In Defense of Dating

Ten or 15 years ago, “courtship” became a buzzword in Evangelical culture. Books like Joshua Harris’ I Kissed Dating Goodbye* and Elisabeth Elliot’s Passion and Purity popularized the notion of replacing dating with antiquated courtship rituals. It started a lot of conversations and sold a lot of books, but the concept was more popular than the practice. Dating behavior didn’t change much. Courtship mini-movements still surface from time to time. Someone recently directed me to an article hearkening us to a better time when women were wooed and men weren’t metrosexual. Yet modern courtship remains mostly a myth … and I’m glad. Below the niceties and the hands-off approach to premarital romance, courtship has an ugly history.

Marrying for love became popular a little more than 200 years ago. Before that, a woman’s parents would arrange her marriage to a man who could provide for her financially. Courtship didn’t have anything to do with love—it was transaction between two families that would ensure financial stability and the continuation of family bloodlines.

In Western culture, the stiff march to matrimony started to loosen up around the 11th century when “courtly love” emerged among French nobility. A man “courted” a woman by wooing her at social events held in a royal court. In the courtly love tradition, romantic love was transcendent, the greatest good. There was just one catch: you had to commit adultery. Marriage was so devoid of passion that people started committing adultery so they could fall in love. The good news is that the courtly love movement changed the way people thought about relationships. People began wanting love and marriage to go together.

Colonial settlers in America were among the first to give courtship short shrift. They needed families to work the land and set up communities, so parents gave their sons and daughters more independence. Leave it to the U.S. of A. to put the kibosh on centuries of tradition.

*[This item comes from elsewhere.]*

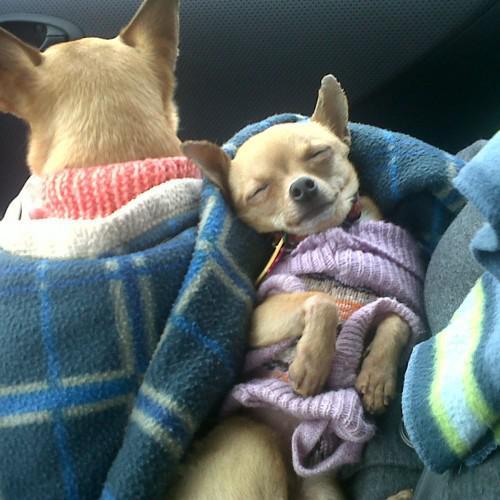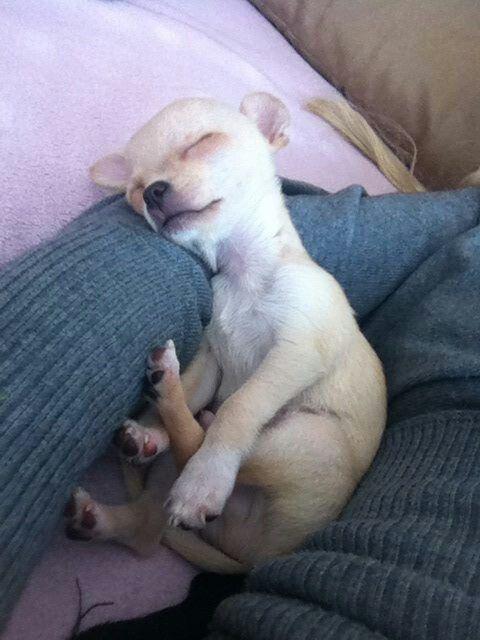The first image is the image on the left, the second image is the image on the right. For the images shown, is this caption "At least one chihuahua is sleeping on its back on a cozy blanket." true? Answer yes or no. Yes. The first image is the image on the left, the second image is the image on the right. Analyze the images presented: Is the assertion "The left image shows two chihuahuas in sleeping poses side-by-side, and the right image shows one snoozing chihuahua on solid-colored fabric." valid? Answer yes or no. Yes. 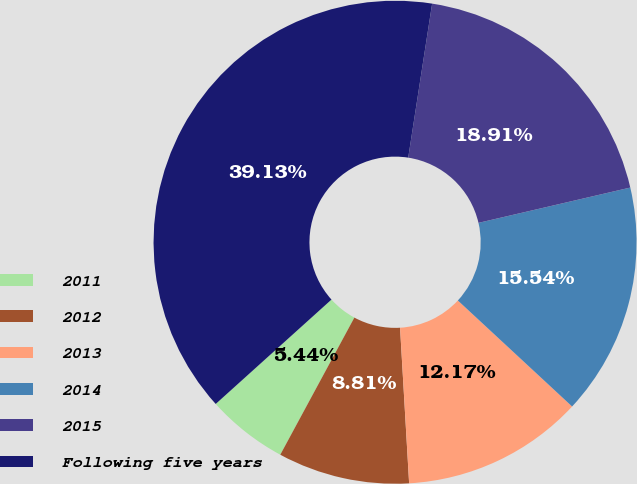Convert chart. <chart><loc_0><loc_0><loc_500><loc_500><pie_chart><fcel>2011<fcel>2012<fcel>2013<fcel>2014<fcel>2015<fcel>Following five years<nl><fcel>5.44%<fcel>8.81%<fcel>12.17%<fcel>15.54%<fcel>18.91%<fcel>39.13%<nl></chart> 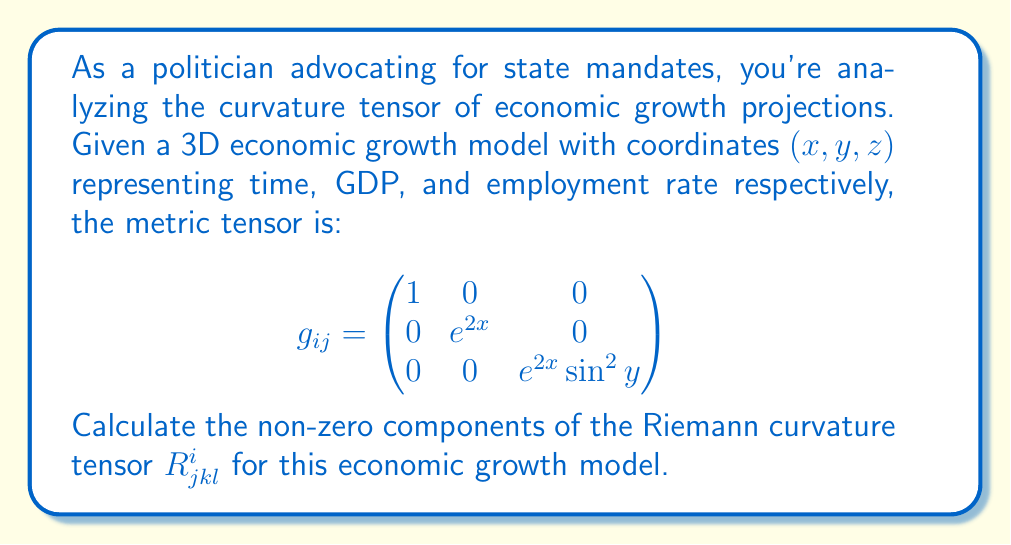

When schools became coeducational in the 19th century, courtship rituals started to fade.

Then the 1960s arrived and everyone went nuts.

The sexual revolution and the feminist movement annihilated courtship. Dating was no longer expected to lead to marriage. The traditional roles of man as the pursuer and woman as the reactor came under heavy fire for the first time in history. Sexual prohibitions fell, opening a whole realm of physical intimacy to couples with no intention of marrying each other.

Advocates of modern courtship intend it as a correction to the sexual revolution. It’s hard to argue against their motivation. Popular culture treats sex as the starting point of the relationship instead of the final consummation of love and commitment. Though courtship corrals the sex problem, its historical roots in the objectification of women disqualify it as a biblical alternative to the sexual revolution. Instead, we need to figure out what pre-marriage romance looks like for a man and woman with equal power.

Women have a lot more options and control then they did in courtship’s heyday. Courtship is rooted in a model that treats women like childbearing pieces of property. Men fumble around with antiquated practices that don’t correspond to modern female power. Respecting a woman means more than being polite; it means respecting her goals and gifts. In the past, marriage required a woman to follow a man on his journey. Now, a man and a woman go on the journey together. Courtship rituals haven’t caught up with this change. We need a new model. This leaves us with dating.

I admit that it’s not an attractive option. It’s messier than courtship and more cumbersome than a casual hookup. Nobody knows how to do it very well. Dating is scary, but maybe that’s OK. Maybe that’s the way it’s supposed to be.

Dating is risky. Getting close to someone can be terrifying without the rituals of courtship or the fleeting comforts of casual sex. Healthy intimacy involves living in the tension of authenticity and uncertainty. Being honest and open with no guarantee of a positive outcome is intimidating and sometimes crazy-making. It’s easy to get hurt. That’s the sort of risk healthy dating involves. Courtship rituals reduce ambivalence and uncertainty. Cheap sex does the same thing. Dating requires courage. It means trusting God not to drag you toward a mate, but to keep you anchored to your First Love during the journey.

You might be aggravated that I haven’t specified what distinguishes dating from courtship. How far is too far when it comes to physical intimacy (always question numero uno)? Is it OK for a woman to ask a man out (people fight to the death about this one)? There aren’t universal answers to these questions. Dating is about two people figuring out what it means for them to grow closer to each other while remaining close to God. I have some ideas about how that works. So do Lauren Winner, Joshua Harris, Neil Clark Warren, Harville Hendrix, Henry Cloud, Chap Clark and Donald Miller. But nobody can give you a formula that eliminates risk. I guess God didn’t want it to be easy, and He probably has good reasons.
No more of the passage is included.